Los dos años siguientes los pasó en Salzburgo, languideciendo en su «esclavitud episcopal», hasta que le llegó un encargo de Munich: la composición de una ópera, Idomeneo, en la que Mozart, aun dentro del esquema cortesano de Gluck, superaría sus anteriores composiciones para la escena. En 1781 Mozart y la familia Weber coincidieron en Viena. Él, como miembro de la corte de Colloredo, trasladada a la capital; la familia Weber, para seguir los acontecimientos musicales de la temporada. Surgió entonces el amor por la hermana de Aloysia, Constance.

Entretanto, las relaciones con el arzobispo se encresparon. Mozart, para desesperación de Leopold, no era ningún modelo de diplomacia y, pese a su carácter risueño y bondadoso, reaccionaba con acritud instantánea cuando se sentía atacado o humillado. A primeros de mayo, Mozart recibió la orden, a través de un lacayo de Colloredo, de abandonar inmediatamente Viena, al parecer, para llevar un paquete a Salzburgo, en donde se le indicó que debía permanecer. Mozart presentó su carta de dimisión al arzobispo, quien la aceptó de inmediato. Libre de patrones, Mozart residiría en Viena el resto de su vida.

En Viena

Mozart prefiguraba así el artista moderno del romanticismo, muy en consonancia con el espíritu rebelde del Sturm und Drang y la sensibilidad wertheriana que conmocionaba a la juventud alemana de la época; un artista que quería liberarse de la servidumbre feudal, que se resistía a insertarse en las filas del funcionariado cultural, y pretendía sobrevivir a sus solas expensas. Mozart habría de pagar muy cara su ejemplar osadía; pero, por el momento, se sintió feliz y libre. Comenzó a dar lecciones de piano y a componer sin descanso. Muy pronto la suerte se puso de su lado: recibió el encargo de escribir una ópera para conmemorar la visita del gran duque de Rusia a Viena. Como por aquel entonces estaban de moda los temas turcos, exponentes del exotismo oriental con ciertos toques levemente eróticos, Mozart abordó la composición de El rapto del serrallo, que, estrenada un año más tarde, se convirtió en su primer éxito verdadero, no solamente en Austria sino también en Alemania y otras ciudades europeas como Praga.

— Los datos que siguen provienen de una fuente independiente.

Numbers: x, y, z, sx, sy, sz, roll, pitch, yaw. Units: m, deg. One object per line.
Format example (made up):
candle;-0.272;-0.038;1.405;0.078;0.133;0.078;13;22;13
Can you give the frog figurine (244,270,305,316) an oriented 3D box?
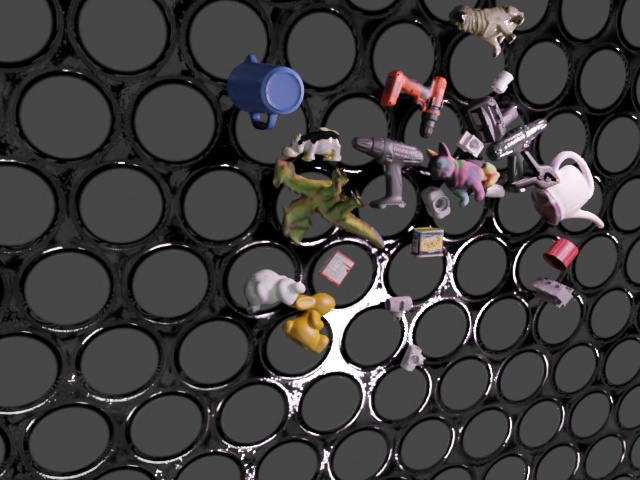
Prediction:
frog figurine;-0.128;0.132;1.428;0.157;0.138;0.124;-26;-102;37

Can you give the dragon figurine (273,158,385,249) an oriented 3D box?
dragon figurine;0.005;-0.075;1.483;0.242;0.124;0.404;-29;-66;8

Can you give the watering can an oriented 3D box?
watering can;0.850;-0.129;1.754;0.225;0.105;0.343;-35;-69;-8

El 4 de agosto de 1782, poco después de este gran triunfo, Mozart se casó con Constance Weber, a quien dedicó la serenata Nachmusik (K. 388). Mucho han discutido los biógrafos los motivos de esta boda. ¿Auténtico amor? ¿Debilidad ante las maniobras casamenteras de la madre de Constance? ¿Necesidad de afirmarse en su nueva independencia frente a las presiones de Leopold? Posiblemente hubiera de todo un poco. La genialidad musical de Mozart no tenía por qué coincidir con la madurez del carácter.

En general se tiende a creer que la señora Weber, que había soñado alguna vez con convertir al prometedor joven en su yerno, intentó despertar el interés de Mozart por su hija menor, Constance, de catorce años. No sería difícil: Wolfgang no pudo ni quiso resistirse a la dulce presión y se prometió a la muchacha, que era bonita, infantil, alegre y cariñosa, aunque quizás no iba a ser la esposa ideal para el caótico compositor. Constance tenía aún menos sentido práctico que él, todo le resultaba un juego y no podía ni remotamente compartir el profundo universo espiritual de su marido, enmascarado tras las bromas y las risas. Pero aunque era una joven de poca finura espiritual, su vitalismo tenía que agradar e incluso fascinar al rebelde Mozart. Y Mozart se consideró el hombre más afortunado del mundo el día de su boda, y continuó creyendo que lo era durante los nueve años siguientes, hasta su muerte. Parece injusto afirmar que Constance fuera la sola causa de su ruina y quebrantos. No es seguro que le fuera fiel (algunas de las cartas del marido a la esposa son extremadamente patéticas, en sus ruegos de que sepa «guardar las apariencias») , pero tampoco lo es que Mozart se lo fuera a ella en todo momento.

Lo indudable es que, al igual que su joven esposo, Constance no era la administradora que la delicada situación de un artista independiente hubiera requerido, y parece ser que derrochaba con la misma alegría que Wolfgang Amadeus: el hogar vienés de los Mozart recibía diariamente la visita de peluquero y otros servidores; en los momentos de mayor penuria, Mozart se las ingeniaba para aparecer en público impecablemente vestido y mostrarse liberal y obsequioso. Sólo tras su muerte, sus amigos, muchos de ellos en envidiable situación económica, se enterarían con sorpresa de la magnitud de su endeudamiento.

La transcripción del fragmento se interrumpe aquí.